--- Data for processing ---

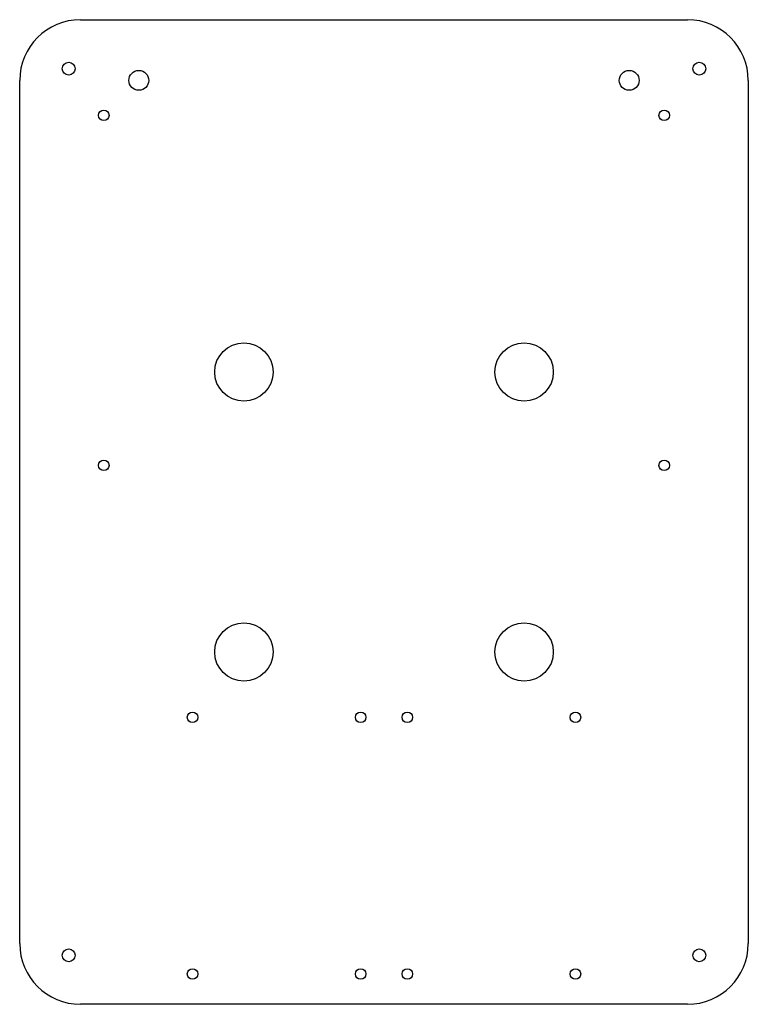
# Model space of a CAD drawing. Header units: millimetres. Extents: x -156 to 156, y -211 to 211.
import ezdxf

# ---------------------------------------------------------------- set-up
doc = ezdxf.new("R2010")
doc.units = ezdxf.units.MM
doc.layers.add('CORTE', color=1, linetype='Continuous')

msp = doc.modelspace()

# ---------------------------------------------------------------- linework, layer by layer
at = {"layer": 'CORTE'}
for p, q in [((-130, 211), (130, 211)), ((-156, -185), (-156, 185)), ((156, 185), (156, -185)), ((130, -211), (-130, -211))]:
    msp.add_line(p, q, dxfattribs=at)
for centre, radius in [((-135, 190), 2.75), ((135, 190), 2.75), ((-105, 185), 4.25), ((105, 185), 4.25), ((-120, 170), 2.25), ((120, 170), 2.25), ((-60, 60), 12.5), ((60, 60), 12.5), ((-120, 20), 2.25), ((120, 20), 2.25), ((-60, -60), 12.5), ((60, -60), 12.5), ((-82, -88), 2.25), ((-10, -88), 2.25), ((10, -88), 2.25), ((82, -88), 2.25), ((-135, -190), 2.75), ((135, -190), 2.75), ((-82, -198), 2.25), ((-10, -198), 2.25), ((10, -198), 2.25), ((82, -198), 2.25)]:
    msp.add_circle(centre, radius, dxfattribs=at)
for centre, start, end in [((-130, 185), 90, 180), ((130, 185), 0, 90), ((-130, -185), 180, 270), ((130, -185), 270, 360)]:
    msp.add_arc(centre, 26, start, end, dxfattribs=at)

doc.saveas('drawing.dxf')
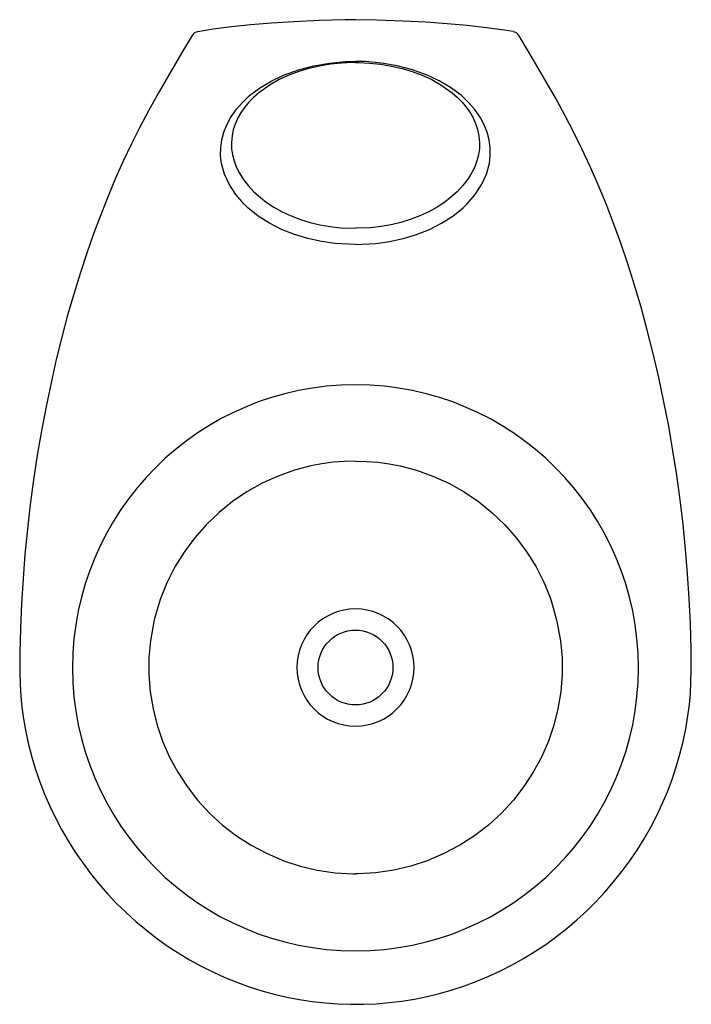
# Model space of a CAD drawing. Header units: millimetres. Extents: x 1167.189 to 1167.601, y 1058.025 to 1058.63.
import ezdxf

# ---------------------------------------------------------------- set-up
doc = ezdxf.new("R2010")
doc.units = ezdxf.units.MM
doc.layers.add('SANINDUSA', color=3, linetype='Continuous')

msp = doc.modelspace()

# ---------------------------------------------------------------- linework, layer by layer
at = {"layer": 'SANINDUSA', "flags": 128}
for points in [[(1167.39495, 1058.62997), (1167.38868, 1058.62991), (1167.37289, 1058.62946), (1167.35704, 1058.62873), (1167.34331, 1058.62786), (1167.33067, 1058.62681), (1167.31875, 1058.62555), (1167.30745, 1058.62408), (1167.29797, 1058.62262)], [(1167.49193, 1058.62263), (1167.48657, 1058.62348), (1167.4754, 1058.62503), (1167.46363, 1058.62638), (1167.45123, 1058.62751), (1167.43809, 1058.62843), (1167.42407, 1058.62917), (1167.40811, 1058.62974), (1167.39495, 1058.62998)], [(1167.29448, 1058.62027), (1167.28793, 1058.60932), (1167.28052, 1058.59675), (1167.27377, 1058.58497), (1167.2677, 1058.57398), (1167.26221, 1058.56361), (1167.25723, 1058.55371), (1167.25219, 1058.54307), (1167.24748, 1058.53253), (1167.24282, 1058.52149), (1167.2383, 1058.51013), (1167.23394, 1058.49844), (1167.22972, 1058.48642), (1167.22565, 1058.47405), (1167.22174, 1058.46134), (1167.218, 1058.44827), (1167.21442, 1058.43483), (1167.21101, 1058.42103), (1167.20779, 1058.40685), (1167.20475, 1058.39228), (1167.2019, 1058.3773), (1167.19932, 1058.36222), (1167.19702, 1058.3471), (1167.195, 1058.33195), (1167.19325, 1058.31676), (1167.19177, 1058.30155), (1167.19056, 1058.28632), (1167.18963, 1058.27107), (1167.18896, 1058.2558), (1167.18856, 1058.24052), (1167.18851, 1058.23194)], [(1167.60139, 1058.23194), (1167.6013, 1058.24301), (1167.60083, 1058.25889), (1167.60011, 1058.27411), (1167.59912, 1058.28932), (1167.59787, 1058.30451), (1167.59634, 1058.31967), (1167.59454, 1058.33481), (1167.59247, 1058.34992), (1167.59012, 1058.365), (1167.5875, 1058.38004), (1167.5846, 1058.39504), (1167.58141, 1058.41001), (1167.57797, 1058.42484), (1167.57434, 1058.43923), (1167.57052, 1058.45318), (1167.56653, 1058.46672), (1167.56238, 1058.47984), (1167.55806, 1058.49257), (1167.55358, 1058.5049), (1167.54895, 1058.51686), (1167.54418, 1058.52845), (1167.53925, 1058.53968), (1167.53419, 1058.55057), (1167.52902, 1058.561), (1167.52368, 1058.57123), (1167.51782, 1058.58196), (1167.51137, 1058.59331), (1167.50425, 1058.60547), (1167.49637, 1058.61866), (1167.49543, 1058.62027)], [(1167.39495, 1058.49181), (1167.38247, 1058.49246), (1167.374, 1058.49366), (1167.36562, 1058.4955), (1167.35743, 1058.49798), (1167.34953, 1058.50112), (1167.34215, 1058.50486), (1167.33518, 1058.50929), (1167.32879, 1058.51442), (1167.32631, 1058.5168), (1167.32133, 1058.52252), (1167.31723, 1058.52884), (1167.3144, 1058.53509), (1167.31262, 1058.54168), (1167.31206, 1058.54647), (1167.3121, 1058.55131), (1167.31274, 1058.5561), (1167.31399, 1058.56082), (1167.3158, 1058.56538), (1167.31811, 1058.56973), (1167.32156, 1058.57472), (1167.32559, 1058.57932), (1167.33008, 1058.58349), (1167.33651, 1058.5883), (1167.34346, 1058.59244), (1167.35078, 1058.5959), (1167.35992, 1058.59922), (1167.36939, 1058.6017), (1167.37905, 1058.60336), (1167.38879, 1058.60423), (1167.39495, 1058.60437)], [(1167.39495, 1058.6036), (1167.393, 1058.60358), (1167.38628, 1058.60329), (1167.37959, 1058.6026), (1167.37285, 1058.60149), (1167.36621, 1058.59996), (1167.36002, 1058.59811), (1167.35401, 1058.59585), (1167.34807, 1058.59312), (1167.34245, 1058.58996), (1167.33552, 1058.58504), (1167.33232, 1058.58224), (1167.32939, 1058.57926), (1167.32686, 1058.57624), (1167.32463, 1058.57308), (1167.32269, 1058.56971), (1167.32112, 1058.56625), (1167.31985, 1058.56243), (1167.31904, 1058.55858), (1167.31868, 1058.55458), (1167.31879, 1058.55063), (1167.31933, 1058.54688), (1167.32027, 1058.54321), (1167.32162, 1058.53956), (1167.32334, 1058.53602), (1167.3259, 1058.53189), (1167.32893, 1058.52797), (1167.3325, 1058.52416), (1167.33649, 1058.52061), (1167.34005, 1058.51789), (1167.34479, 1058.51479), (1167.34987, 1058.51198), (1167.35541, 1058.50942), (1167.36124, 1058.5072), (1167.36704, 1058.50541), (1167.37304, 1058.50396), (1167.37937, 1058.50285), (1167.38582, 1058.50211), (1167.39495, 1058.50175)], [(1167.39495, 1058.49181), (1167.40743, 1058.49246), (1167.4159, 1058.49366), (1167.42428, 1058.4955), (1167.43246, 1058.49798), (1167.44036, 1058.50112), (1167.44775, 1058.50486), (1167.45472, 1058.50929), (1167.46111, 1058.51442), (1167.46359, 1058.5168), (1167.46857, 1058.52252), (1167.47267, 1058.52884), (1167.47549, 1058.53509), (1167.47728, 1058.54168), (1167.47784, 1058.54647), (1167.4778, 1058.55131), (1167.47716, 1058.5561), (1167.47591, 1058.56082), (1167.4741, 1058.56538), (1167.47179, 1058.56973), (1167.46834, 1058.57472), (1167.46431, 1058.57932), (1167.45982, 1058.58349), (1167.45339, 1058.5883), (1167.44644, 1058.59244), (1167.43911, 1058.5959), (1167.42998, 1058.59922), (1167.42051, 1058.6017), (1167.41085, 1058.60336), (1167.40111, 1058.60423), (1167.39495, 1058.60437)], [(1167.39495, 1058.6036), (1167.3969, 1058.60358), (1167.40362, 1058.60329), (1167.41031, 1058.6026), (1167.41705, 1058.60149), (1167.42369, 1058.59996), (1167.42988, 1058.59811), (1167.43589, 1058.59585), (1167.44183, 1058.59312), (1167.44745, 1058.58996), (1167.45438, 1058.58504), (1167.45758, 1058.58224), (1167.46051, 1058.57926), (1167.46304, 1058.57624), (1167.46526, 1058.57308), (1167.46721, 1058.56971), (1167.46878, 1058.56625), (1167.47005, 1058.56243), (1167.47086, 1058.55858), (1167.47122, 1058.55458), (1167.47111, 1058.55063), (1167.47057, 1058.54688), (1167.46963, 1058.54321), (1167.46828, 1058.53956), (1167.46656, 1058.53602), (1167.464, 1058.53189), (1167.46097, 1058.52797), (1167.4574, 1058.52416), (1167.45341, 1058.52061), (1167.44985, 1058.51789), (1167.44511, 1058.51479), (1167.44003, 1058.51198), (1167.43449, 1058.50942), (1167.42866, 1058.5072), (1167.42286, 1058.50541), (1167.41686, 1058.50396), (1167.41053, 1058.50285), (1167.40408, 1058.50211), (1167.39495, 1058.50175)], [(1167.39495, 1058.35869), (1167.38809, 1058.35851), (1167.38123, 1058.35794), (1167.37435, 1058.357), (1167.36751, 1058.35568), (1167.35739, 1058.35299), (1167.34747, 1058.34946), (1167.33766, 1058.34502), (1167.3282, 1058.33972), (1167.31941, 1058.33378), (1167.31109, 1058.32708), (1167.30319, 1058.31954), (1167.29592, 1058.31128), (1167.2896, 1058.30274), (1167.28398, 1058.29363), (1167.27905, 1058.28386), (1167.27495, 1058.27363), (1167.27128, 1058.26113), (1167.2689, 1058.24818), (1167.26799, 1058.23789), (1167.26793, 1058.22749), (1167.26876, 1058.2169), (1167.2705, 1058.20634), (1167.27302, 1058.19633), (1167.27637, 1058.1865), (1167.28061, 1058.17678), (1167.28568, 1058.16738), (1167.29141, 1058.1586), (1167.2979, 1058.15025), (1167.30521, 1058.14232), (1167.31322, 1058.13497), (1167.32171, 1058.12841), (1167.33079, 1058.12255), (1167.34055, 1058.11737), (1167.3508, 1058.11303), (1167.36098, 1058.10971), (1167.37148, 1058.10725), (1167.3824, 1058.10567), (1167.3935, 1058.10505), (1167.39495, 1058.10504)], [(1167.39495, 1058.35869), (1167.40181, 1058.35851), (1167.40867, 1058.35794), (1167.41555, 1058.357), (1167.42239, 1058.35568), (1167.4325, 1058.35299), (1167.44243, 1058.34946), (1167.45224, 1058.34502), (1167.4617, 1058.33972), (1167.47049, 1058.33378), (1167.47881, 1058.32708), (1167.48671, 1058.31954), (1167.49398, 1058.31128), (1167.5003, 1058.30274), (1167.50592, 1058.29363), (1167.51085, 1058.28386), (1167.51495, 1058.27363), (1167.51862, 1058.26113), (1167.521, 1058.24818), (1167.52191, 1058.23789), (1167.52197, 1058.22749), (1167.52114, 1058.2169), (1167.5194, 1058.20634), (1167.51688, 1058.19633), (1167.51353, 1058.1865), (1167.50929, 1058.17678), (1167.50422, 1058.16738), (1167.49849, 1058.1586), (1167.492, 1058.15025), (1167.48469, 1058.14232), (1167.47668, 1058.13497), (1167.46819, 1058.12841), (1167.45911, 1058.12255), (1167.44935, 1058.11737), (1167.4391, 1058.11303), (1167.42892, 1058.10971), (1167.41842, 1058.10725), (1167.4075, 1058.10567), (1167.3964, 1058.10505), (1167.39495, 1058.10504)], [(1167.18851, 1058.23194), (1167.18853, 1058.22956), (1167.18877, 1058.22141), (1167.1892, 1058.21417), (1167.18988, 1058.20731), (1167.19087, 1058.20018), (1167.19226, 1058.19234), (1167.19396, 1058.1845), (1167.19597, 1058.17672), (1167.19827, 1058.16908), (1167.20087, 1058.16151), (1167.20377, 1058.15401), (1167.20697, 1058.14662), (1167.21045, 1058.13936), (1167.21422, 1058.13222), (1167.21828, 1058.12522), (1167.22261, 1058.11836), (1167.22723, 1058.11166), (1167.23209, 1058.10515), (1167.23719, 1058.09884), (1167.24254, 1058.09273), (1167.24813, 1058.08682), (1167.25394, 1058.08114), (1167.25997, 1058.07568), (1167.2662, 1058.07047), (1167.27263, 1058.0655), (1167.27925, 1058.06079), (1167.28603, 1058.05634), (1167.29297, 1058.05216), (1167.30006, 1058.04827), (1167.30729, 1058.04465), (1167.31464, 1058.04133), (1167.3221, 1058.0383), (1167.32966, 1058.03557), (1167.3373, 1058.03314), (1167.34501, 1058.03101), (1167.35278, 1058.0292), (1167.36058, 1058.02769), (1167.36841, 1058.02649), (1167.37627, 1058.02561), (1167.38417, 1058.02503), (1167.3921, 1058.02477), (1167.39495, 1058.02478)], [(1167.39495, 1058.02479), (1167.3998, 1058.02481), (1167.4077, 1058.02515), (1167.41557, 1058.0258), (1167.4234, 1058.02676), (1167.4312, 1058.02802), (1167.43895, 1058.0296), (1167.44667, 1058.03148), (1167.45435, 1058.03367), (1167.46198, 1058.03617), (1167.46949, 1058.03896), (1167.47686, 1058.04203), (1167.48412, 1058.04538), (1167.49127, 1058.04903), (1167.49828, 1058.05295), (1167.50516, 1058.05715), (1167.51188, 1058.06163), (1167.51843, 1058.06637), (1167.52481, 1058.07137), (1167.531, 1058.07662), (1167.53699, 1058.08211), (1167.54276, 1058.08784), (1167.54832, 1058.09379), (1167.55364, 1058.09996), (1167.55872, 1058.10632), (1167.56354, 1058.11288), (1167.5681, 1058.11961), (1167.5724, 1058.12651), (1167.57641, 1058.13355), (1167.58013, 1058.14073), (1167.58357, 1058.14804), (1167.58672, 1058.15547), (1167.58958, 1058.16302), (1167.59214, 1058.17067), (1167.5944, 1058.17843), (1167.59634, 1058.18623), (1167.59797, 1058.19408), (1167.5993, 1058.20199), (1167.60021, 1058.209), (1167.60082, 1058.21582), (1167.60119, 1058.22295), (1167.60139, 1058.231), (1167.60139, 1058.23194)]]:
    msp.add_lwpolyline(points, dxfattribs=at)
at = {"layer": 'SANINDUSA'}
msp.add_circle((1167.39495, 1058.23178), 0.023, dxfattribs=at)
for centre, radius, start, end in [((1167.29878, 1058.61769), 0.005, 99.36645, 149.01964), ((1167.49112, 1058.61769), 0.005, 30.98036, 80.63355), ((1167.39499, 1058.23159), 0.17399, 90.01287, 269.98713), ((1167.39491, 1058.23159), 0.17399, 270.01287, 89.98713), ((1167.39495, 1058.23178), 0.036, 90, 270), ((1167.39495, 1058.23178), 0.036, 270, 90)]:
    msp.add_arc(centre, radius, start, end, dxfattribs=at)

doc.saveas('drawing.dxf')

---

**Task brief:** Copy the records above exactly, beginning at the line that contains "msp.add_circle(centre, radius, dxfattribs=at)" and stopping after the line that contains "msp.add_arc(centre, 26, start, end, dxfattribs=at)".

**Result for this task:**
    msp.add_circle(centre, radius, dxfattribs=at)
for centre, start, end in [((-130, 185), 90, 180), ((130, 185), 0, 90), ((-130, -185), 180, 270), ((130, -185), 270, 360)]:
    msp.add_arc(centre, 26, start, end, dxfattribs=at)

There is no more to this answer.